Gather every line from the entries below that includes "defaultSystemsLayout".

= Beginning of Section =

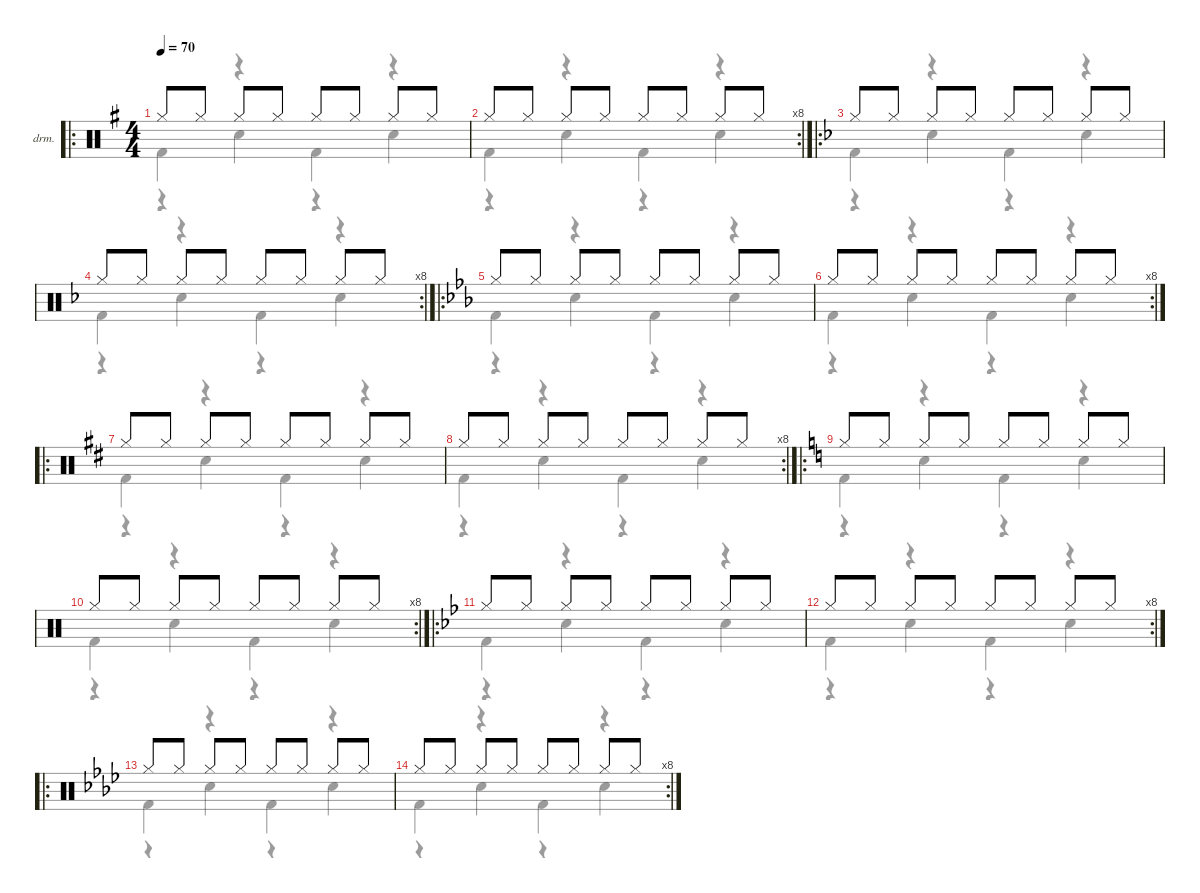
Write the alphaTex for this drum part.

\defaultSystemsLayout 4
\hideDynamics
\bracketExtendMode nobrackets
\firstSystemTrackNameOrientation horizontal
\otherSystemsTrackNameOrientation horizontal
\track ("Drumkit" "drm.") {defaultSystemsLayout 1 instrument percussion}
\staff {score}
\articulation defaults
\voice
\ro
\ts (4 4)
\tempo 70
\clef neutral
\ks g "Hi-Hat (closed)"{acc forcenatural}.8{dy fff beam Up} "Hi-Hat (closed)"{acc forcenatural}.8{beam Up} "Hi-Hat (closed)"{acc forcenatural}.8{beam Up} "Hi-Hat (closed)"{acc forcenatural}.8{beam Up} "Hi-Hat (closed)"{acc forcenatural}.8{beam Up} "Hi-Hat (closed)"{acc forcenatural}.8{beam Up} "Hi-Hat (closed)"{acc forcenatural}.8{beam Up} "Hi-Hat (closed)"{acc forcenatural}.8{beam Up}
|
\rc 8 "Hi-Hat (closed)"{acc forcenatural}.8{beam Up} "Hi-Hat (closed)"{acc forcenatural}.8{beam Up} "Hi-Hat (closed)"{acc forcenatural}.8{beam Up} "Hi-Hat (closed)"{acc forcenatural}.8{beam Up} "Hi-Hat (closed)"{acc forcenatural}.8{beam Up} "Hi-Hat (closed)"{acc forcenatural}.8{beam Up} "Hi-Hat (closed)"{acc forcenatural}.8{beam Up} "Hi-Hat (closed)"{acc forcenatural}.8{beam Up}
|
\ro
\ks f "Hi-Hat (closed)"{acc forcenatural}.8{beam Up} "Hi-Hat (closed)"{acc forcenatural}.8{beam Up} "Hi-Hat (closed)"{acc forcenatural}.8{beam Up} "Hi-Hat (closed)"{acc forcenatural}.8{beam Up} "Hi-Hat (closed)"{acc forcenatural}.8{beam Up} "Hi-Hat (closed)"{acc forcenatural}.8{beam Up} "Hi-Hat (closed)"{acc forcenatural}.8{beam Up} "Hi-Hat (closed)"{acc forcenatural}.8{beam Up}
|
\rc 8 "Hi-Hat (closed)"{acc forcenatural}.8{beam Up} "Hi-Hat (closed)"{acc forcenatural}.8{beam Up} "Hi-Hat (closed)"{acc forcenatural}.8{beam Up} "Hi-Hat (closed)"{acc forcenatural}.8{beam Up} "Hi-Hat (closed)"{acc forcenatural}.8{beam Up} "Hi-Hat (closed)"{acc forcenatural}.8{beam Up} "Hi-Hat (closed)"{acc forcenatural}.8{beam Up} "Hi-Hat (closed)"{acc forcenatural}.8{beam Up}
|
\ro
\ks eb "Hi-Hat (closed)"{acc forcenatural}.8{beam Up} "Hi-Hat (closed)"{acc forcenatural}.8{beam Up} "Hi-Hat (closed)"{acc forcenatural}.8{beam Up} "Hi-Hat (closed)"{acc forcenatural}.8{beam Up} "Hi-Hat (closed)"{acc forcenatural}.8{beam Up} "Hi-Hat (closed)"{acc forcenatural}.8{beam Up} "Hi-Hat (closed)"{acc forcenatural}.8{beam Up} "Hi-Hat (closed)"{acc forcenatural}.8{beam Up}
|
\rc 8 "Hi-Hat (closed)"{acc forcenatural}.8{beam Up} "Hi-Hat (closed)"{acc forcenatural}.8{beam Up} "Hi-Hat (closed)"{acc forcenatural}.8{beam Up} "Hi-Hat (closed)"{acc forcenatural}.8{beam Up} "Hi-Hat (closed)"{acc forcenatural}.8{beam Up} "Hi-Hat (closed)"{acc forcenatural}.8{beam Up} "Hi-Hat (closed)"{acc forcenatural}.8{beam Up} "Hi-Hat (closed)"{acc forcenatural}.8{beam Up}
|
\ro
\ks d "Hi-Hat (closed)"{acc forcenatural}.8{beam Up} "Hi-Hat (closed)"{acc forcenatural}.8{beam Up} "Hi-Hat (closed)"{acc forcenatural}.8{beam Up} "Hi-Hat (closed)"{acc forcenatural}.8{beam Up} "Hi-Hat (closed)"{acc forcenatural}.8{beam Up} "Hi-Hat (closed)"{acc forcenatural}.8{beam Up} "Hi-Hat (closed)"{acc forcenatural}.8{beam Up} "Hi-Hat (closed)"{acc forcenatural}.8{beam Up}
|
\rc 8 "Hi-Hat (closed)"{acc forcenatural}.8{beam Up} "Hi-Hat (closed)"{acc forcenatural}.8{beam Up} "Hi-Hat (closed)"{acc forcenatural}.8{beam Up} "Hi-Hat (closed)"{acc forcenatural}.8{beam Up} "Hi-Hat (closed)"{acc forcenatural}.8{beam Up} "Hi-Hat (closed)"{acc forcenatural}.8{beam Up} "Hi-Hat (closed)"{acc forcenatural}.8{beam Up} "Hi-Hat (closed)"{acc forcenatural}.8{beam Up}
|
\ro
\ks c "Hi-Hat (closed)".8{beam Up} "Hi-Hat (closed)".8{beam Up} "Hi-Hat (closed)".8{beam Up} "Hi-Hat (closed)".8{beam Up} "Hi-Hat (closed)".8{beam Up} "Hi-Hat (closed)".8{beam Up} "Hi-Hat (closed)".8{beam Up} "Hi-Hat (closed)".8{beam Up}
|
\rc 8 "Hi-Hat (closed)".8{beam Up} "Hi-Hat (closed)".8{beam Up} "Hi-Hat (closed)".8{beam Up} "Hi-Hat (closed)".8{beam Up} "Hi-Hat (closed)".8{beam Up} "Hi-Hat (closed)".8{beam Up} "Hi-Hat (closed)".8{beam Up} "Hi-Hat (closed)".8{beam Up}
|
\ro
\ks bb "Hi-Hat (closed)"{acc forcenatural}.8{beam Up} "Hi-Hat (closed)"{acc forcenatural}.8{beam Up} "Hi-Hat (closed)"{acc forcenatural}.8{beam Up} "Hi-Hat (closed)"{acc forcenatural}.8{beam Up} "Hi-Hat (closed)"{acc forcenatural}.8{beam Up} "Hi-Hat (closed)"{acc forcenatural}.8{beam Up} "Hi-Hat (closed)"{acc forcenatural}.8{beam Up} "Hi-Hat (closed)"{acc forcenatural}.8{beam Up}
|
\rc 8 "Hi-Hat (closed)"{acc forcenatural}.8{beam Up} "Hi-Hat (closed)"{acc forcenatural}.8{beam Up} "Hi-Hat (closed)"{acc forcenatural}.8{beam Up} "Hi-Hat (closed)"{acc forcenatural}.8{beam Up} "Hi-Hat (closed)"{acc forcenatural}.8{beam Up} "Hi-Hat (closed)"{acc forcenatural}.8{beam Up} "Hi-Hat (closed)"{acc forcenatural}.8{beam Up} "Hi-Hat (closed)"{acc forcenatural}.8{beam Up}
|
\ro
\ks ab "Hi-Hat (closed)"{acc forcenatural}.8{beam Up} "Hi-Hat (closed)"{acc forcenatural}.8{beam Up} "Hi-Hat (closed)"{acc forcenatural}.8{beam Up} "Hi-Hat (closed)"{acc forcenatural}.8{beam Up} "Hi-Hat (closed)"{acc forcenatural}.8{beam Up} "Hi-Hat (closed)"{acc forcenatural}.8{beam Up} "Hi-Hat (closed)"{acc forcenatural}.8{beam Up} "Hi-Hat (closed)"{acc forcenatural}.8{beam Up}
|
\rc 8 "Hi-Hat (closed)"{acc forcenatural}.8{beam Up} "Hi-Hat (closed)"{acc forcenatural}.8{beam Up} "Hi-Hat (closed)"{acc forcenatural}.8{beam Up} "Hi-Hat (closed)"{acc forcenatural}.8{beam Up} "Hi-Hat (closed)"{acc forcenatural}.8{beam Up} "Hi-Hat (closed)"{acc forcenatural}.8{beam Up} "Hi-Hat (closed)"{acc forcenatural}.8{beam Up} "Hi-Hat (closed)"{acc forcenatural}.8{beam Up}
|
\voice
\clef neutral
\ks g "Kick (hit) 2"{acc forcenatural}.4{dy ppp}
r.4 "Kick (hit) 2"{acc forcenatural}.4 r.4 |
"Kick (hit) 2"{acc forcenatural}.4 r.4 "Kick (hit) 2"{acc forcenatural}.4 r.4 |
\ks f "Kick (hit) 2"{acc forcenatural}.4
r.4 "Kick (hit) 2"{acc forcenatural}.4 r.4 |
"Kick (hit) 2"{acc forcenatural}.4 r.4 "Kick (hit) 2"{acc forcenatural}.4 r.4 |
\ks eb "Kick (hit) 2"{acc forcenatural}.4
r.4 "Kick (hit) 2"{acc forcenatural}.4 r.4 |
"Kick (hit) 2"{acc forcenatural}.4 r.4 "Kick (hit) 2"{acc forcenatural}.4 r.4 |
\ks d "Kick (hit) 2"{acc forcenatural}.4
r.4 "Kick (hit) 2"{acc forcenatural}.4 r.4 |
"Kick (hit) 2"{acc forcenatural}.4 r.4 "Kick (hit) 2"{acc forcenatural}.4 r.4 |
\ks c "Kick (hit) 2".4
r.4 "Kick (hit) 2".4 r.4 |
"Kick (hit) 2".4 r.4 "Kick (hit) 2".4 r.4 |
\ks bb "Kick (hit) 2"{acc forcenatural}.4
r.4 "Kick (hit) 2"{acc forcenatural}.4 r.4 |
"Kick (hit) 2"{acc forcenatural}.4 r.4 "Kick (hit) 2"{acc forcenatural}.4 r.4 |
\ks ab "Kick (hit) 2"{acc forcenatural}.4
r.4 "Kick (hit) 2"{acc forcenatural}.4 r.4 |
"Kick (hit) 2"{acc forcenatural}.4 r.4 "Kick (hit) 2"{acc forcenatural}.4 r.4 |
\voice
\clef neutral
\ottava regular
\simile none
\ks g
r.4{dy mp} "Snare (hit) 2"{acc forcenatural}.4 r.4 "Snare (hit) 2"{acc forcenatural}.4 |
r.4 "Snare (hit) 2"{acc forcenatural}.4 r.4 "Snare (hit) 2"{acc forcenatural}.4 |
\ks f
r.4 "Snare (hit) 2"{acc forcenatural}.4 r.4 "Snare (hit) 2"{acc forcenatural}.4 |
r.4 "Snare (hit) 2"{acc forcenatural}.4 r.4 "Snare (hit) 2"{acc forcenatural}.4 |
\ks eb
r.4 "Snare (hit) 2"{acc forcenatural}.4 r.4 "Snare (hit) 2"{acc forcenatural}.4 |
r.4 "Snare (hit) 2"{acc forcenatural}.4 r.4 "Snare (hit) 2"{acc forcenatural}.4 |
\ks d
r.4 "Snare (hit) 2"{acc forcenatural}.4 r.4 "Snare (hit) 2"{acc forcenatural}.4 |
r.4 "Snare (hit) 2"{acc forcenatural}.4 r.4 "Snare (hit) 2"{acc forcenatural}.4 |
\ks c
r.4 "Snare (hit) 2".4 r.4 "Snare (hit) 2".4 |
r.4 "Snare (hit) 2".4 r.4 "Snare (hit) 2".4 |
\ks bb
r.4 "Snare (hit) 2"{acc forcenatural}.4 r.4 "Snare (hit) 2"{acc forcenatural}.4 |
r.4 "Snare (hit) 2"{acc forcenatural}.4 r.4 "Snare (hit) 2"{acc forcenatural}.4 |
\ks ab
r.4 "Snare (hit) 2"{acc forcenatural}.4 r.4 "Snare (hit) 2"{acc forcenatural}.4 |
r.4 "Snare (hit) 2"{acc forcenatural}.4 r.4 "Snare (hit) 2"{acc forcenatural}.4 |

= End of Section =

TASK ANSWER –
\defaultSystemsLayout 4
\track ("Drumkit" "drm.") {defaultSystemsLayout 1 instrument percussion}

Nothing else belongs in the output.